5.6 PW6, Mohammad Hameed, whose presence at the scene of offence at the time of attack by the accused on the deceased was spoken to by PW5, testified that the deceased died about two years prior to his giving evidence and that he is a resident of Markandeya colony, Godavarikhani, and that on 19.06.2004 at about 10:30 P.M., he, PW5 and the deceased were near T-road and that at that time all the accused came there and started stabbing the deceased indiscriminately and that he and PW5 raised hue and cry and that on hearing their cries, LW7, Narsaiah, and PW7 came there and that A3 and A4 prevented him and others from interfering and that A1 gave the knife to A3 and that A1 and A4 hit the deceased on the head with a boulder and that thereafter all the accused fled away on the scooter thinking that the deceased had died and that later he, PW5, LW7, Narsiah, PW7 and PW8, T. Shankar, shifted the injured/deceased to a hospital on a pushcart and that on the way to Mamatha hospital, they met PW4, the brother of the deceased, near Gousia hospital, and that he accompanied them to Mamatha hospital and that at that hospital, the duty Doctor declared that the deceased was brought dead and that he saw injuries on the head, both hands, neck, both sides of upper back side and stomach of the deceased and that the accused bore grudge as the deceased fell in love and married the daughter of A1 in the Registrars Office, Peddapally, though she belongs to Muslim religion and that the deceased was killed by the accused.

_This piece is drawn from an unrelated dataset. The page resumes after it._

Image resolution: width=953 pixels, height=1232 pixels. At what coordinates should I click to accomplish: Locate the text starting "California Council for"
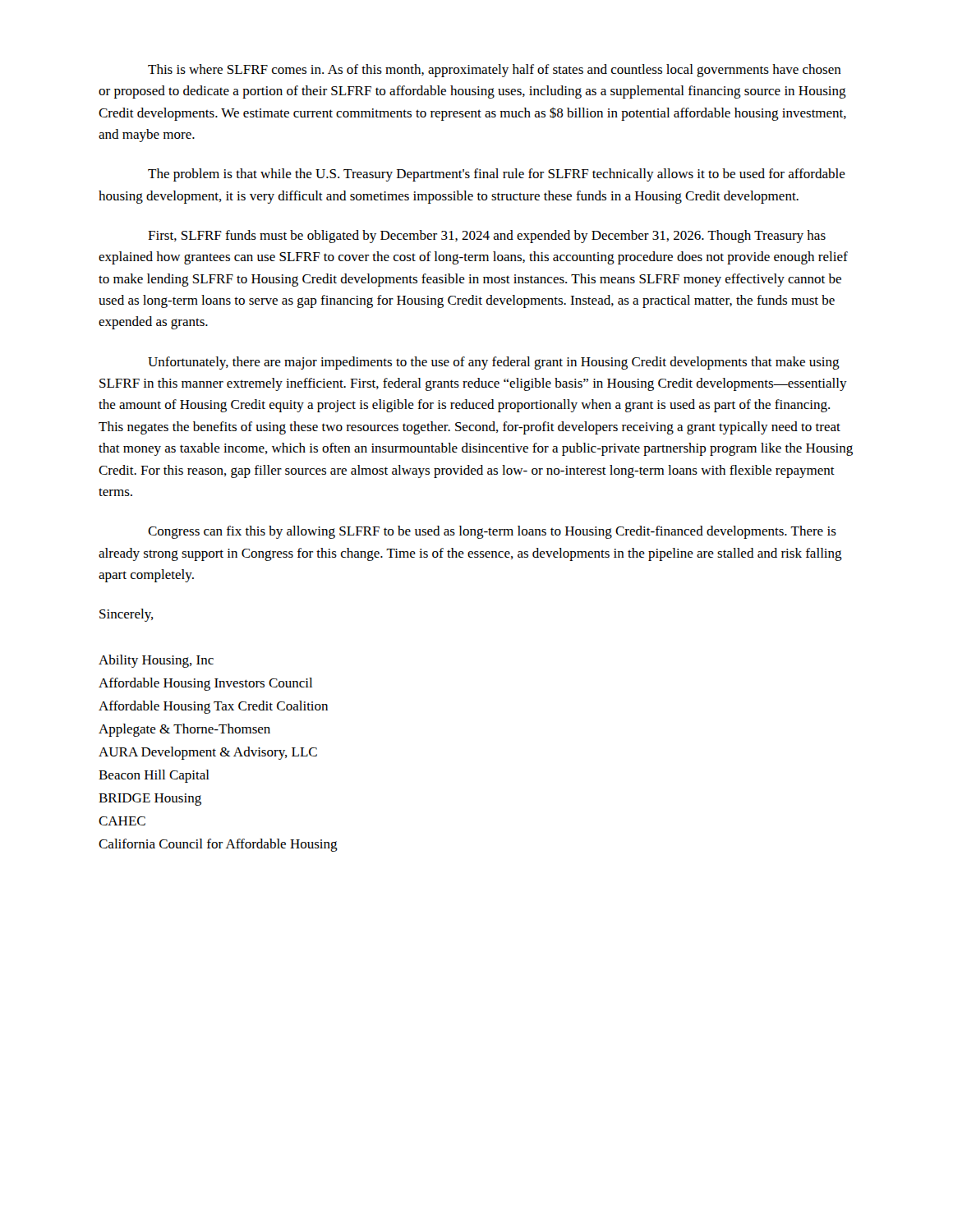[218, 845]

5.7 It is pertinent to note that PW4, one of the brothers of the deceased, though was not a direct witness to the incident of attack on the deceased by the accused, also deposed that when his injured bother/deceased was being taken to Mamatha Hospital on a push cart by PW5 and others, he identified his brother and that he accompanied them and the deceased to the said hospital and that from PWs5 and 6 he came to know about the attack on his brother by the accused and that the Doctor at Mamatha hospital declared that his brother was brought dead.
5.8 PW7, whose presence at the scene more or less at the time of the attack by the accused on the deceased was spoken to by PWs5 and 6, also testified that the deceased died about more than two years prior to the date of his giving evidence and that on the date of incident, he, the deceased, PWs5 and 6 were talking near Swathantra Chowk T-junction as his wife was contesting in Municipal ward elections as independent candidate and that in the meantime, at about 10:30 PM, A1 to A4 came there and A1 to A3 started stabbing the deceased with knives and that on that he, PWs5 and 6 raised hue and cry and that on that LW7, S. Narsaiah, came there but A1 and A4 prevented them from interfering and that the deceased fell down on the ground while A2 and A3 were stabbing and that while threatening them A1 and A4 picked up one cement boulder and threw it on the head of the deceased and that after that all the accused fled away from the scene of offence thinking that the deceased succumbed to the injuries and afterwards he, PWs5 and 6 and LW7, Narsaiah, shifted the deceased on a push cart to the hospital and that on the way PW4 met them near Gousia hospital and accompanied them to Mamatha hospital, Godavarikhani, and that at that hospital the duty doctor, having examined the deceased, declared that he was brought dead and that in the intervening time PWs1 and 2 also came to the hospital and that the deceased sustained injuries on left hand little finger, right hand palm, left side of neck, right side eye on the face, left hand elbow, head, forehead, both sides of the upper portion of the back side and in the stomach and that the accused bore grudge against the deceased and killed the deceased as the deceased married the daughter of A1 though she belongs to Muslim religion.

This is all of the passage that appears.